Consequently, there was a lack of demonstrable political will or diplomatic signal from Ramaphosa on how he will attempt to help in resolving the political and electoral crisis in Zimbabwe.
This was in direct contrast with the position laid out by Mbeki who was also in New York and was interviewed by the same journalist. Accordingly, Mbeki laid out a political strategy on what should be done and how previously he had managed to mediate and found a solution to the Zimbabwean crisis in 2008.
Needless to say, Ramaphosa and the ANC through their commissions and omissions have demonstrated that they will remain indifferent to the current political and socio-economic crisis in Zimbabwe. Thus, they will continue with their business-as-usual approach and adopt a wait-and-see attitude.

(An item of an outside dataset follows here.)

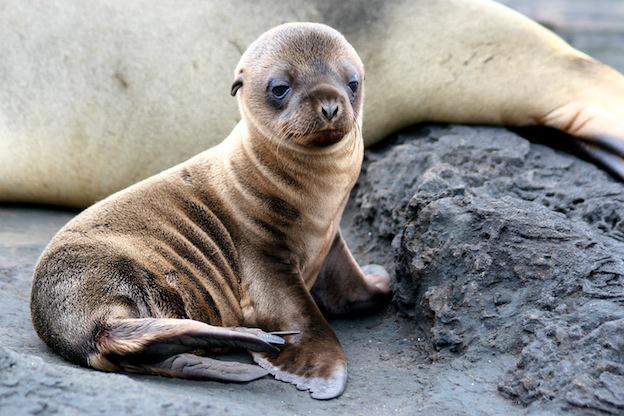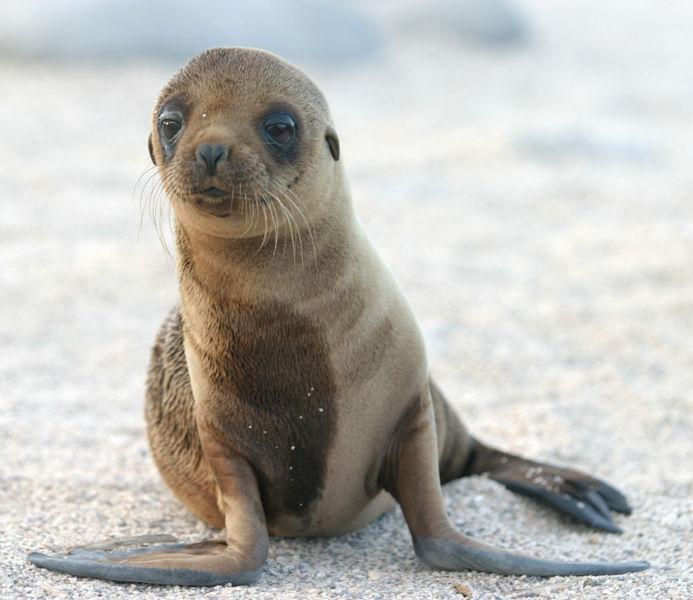The first image is the image on the left, the second image is the image on the right. Considering the images on both sides, is "No image shows more than two seals." valid? Answer yes or no. Yes.

As a result, President Ramaphosa will not likely adopt a hands-on approach and mediate in the Zimbabwean crisis in the similar way Mbeki did. The possibility of Ramaphosa or the ANC government acting as an impartial and neutral mediator and interlocutor to this crisis has been made untenable by the moral delinquency of ANC secretary-general Fikile Mbalula. Mbalula has openly supported and endorsed the Zanu PF government and President Mnangagwa.
Mbalula, through his social media posts, has behaved and acted like a de facto Zanu PF political commissar. Furthermore, he has shown clear disdain for the opposition Citizens’ Coalition for Change and its leader Nelson Chamisa. Consequently, President Ramaphosa is likely to continue with his fence sitting approach with little diplomatic manoeuvres towards resolving the crisis in Zimbabwe
About the writer: Taona Blessing Denhere is a human rights and international development lawyer.